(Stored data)

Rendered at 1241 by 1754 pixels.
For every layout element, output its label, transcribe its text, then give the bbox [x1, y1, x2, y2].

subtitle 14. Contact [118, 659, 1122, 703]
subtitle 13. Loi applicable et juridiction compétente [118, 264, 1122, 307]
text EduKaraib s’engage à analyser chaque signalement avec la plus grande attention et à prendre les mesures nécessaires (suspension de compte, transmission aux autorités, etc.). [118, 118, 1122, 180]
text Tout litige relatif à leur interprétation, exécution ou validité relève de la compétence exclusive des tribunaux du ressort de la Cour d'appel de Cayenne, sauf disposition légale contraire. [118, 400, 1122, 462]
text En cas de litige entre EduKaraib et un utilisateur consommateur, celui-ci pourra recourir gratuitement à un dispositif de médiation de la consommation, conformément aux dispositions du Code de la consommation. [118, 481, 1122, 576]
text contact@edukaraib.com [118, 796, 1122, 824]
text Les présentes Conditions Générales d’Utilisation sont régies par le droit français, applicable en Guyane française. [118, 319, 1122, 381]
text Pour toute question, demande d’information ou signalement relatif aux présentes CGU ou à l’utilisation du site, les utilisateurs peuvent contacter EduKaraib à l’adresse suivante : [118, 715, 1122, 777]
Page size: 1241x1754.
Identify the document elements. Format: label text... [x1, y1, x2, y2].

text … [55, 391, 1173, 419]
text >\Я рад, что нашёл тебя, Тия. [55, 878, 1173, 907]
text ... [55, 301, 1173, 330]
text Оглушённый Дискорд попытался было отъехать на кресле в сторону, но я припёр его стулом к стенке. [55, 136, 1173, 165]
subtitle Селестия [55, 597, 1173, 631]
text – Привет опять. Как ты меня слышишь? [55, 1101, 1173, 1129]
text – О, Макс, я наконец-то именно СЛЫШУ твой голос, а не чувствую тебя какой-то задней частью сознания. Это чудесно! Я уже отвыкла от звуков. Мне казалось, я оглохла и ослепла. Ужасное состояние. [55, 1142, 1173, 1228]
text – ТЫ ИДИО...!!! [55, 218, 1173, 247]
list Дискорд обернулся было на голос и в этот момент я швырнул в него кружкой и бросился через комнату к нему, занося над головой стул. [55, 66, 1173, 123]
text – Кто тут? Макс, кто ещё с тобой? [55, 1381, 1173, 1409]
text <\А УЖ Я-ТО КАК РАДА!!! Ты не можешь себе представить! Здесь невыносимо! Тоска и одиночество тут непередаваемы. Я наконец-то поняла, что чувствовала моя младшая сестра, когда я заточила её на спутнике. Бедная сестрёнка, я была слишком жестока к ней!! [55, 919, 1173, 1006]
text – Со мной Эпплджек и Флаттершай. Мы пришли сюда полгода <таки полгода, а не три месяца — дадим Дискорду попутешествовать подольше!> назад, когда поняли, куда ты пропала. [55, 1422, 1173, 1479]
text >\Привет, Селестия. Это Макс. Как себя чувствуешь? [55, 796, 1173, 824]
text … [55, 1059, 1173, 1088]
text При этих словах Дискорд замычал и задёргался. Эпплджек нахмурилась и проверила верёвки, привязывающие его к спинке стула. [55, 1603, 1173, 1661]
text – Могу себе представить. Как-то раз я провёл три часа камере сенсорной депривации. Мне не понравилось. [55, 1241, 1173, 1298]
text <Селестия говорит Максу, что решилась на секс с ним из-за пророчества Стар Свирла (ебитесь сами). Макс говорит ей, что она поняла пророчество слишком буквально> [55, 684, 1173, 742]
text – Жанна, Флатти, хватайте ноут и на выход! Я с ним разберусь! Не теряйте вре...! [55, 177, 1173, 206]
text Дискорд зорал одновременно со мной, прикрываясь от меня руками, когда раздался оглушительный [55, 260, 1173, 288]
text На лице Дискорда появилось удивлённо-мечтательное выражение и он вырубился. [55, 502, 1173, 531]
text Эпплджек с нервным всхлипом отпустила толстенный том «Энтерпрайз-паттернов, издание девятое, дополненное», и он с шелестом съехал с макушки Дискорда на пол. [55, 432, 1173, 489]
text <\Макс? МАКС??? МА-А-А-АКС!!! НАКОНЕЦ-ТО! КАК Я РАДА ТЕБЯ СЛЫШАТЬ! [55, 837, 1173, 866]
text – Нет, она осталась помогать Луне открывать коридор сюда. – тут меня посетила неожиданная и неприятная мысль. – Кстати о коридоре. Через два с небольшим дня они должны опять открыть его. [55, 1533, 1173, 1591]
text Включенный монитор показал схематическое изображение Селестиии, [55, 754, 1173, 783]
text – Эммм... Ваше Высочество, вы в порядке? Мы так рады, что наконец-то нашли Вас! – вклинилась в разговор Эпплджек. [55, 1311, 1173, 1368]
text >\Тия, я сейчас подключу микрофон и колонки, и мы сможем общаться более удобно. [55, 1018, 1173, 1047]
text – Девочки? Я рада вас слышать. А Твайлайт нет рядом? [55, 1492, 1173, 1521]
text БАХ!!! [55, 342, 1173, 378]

§ **What you should do**: Starting with the first line of the entries and ending with the line that has "subtitle 13. Loi", copy each line exactly and add nothing.

§ **Worked solution**:
Rendered at 1241 by 1754 pixels.
For every layout element, output its label, transcribe its text, then give the bbox [x1, y1, x2, y2].

subtitle 14. Contact [118, 659, 1122, 703]
subtitle 13. Loi applicable et juridiction compétente [118, 264, 1122, 307]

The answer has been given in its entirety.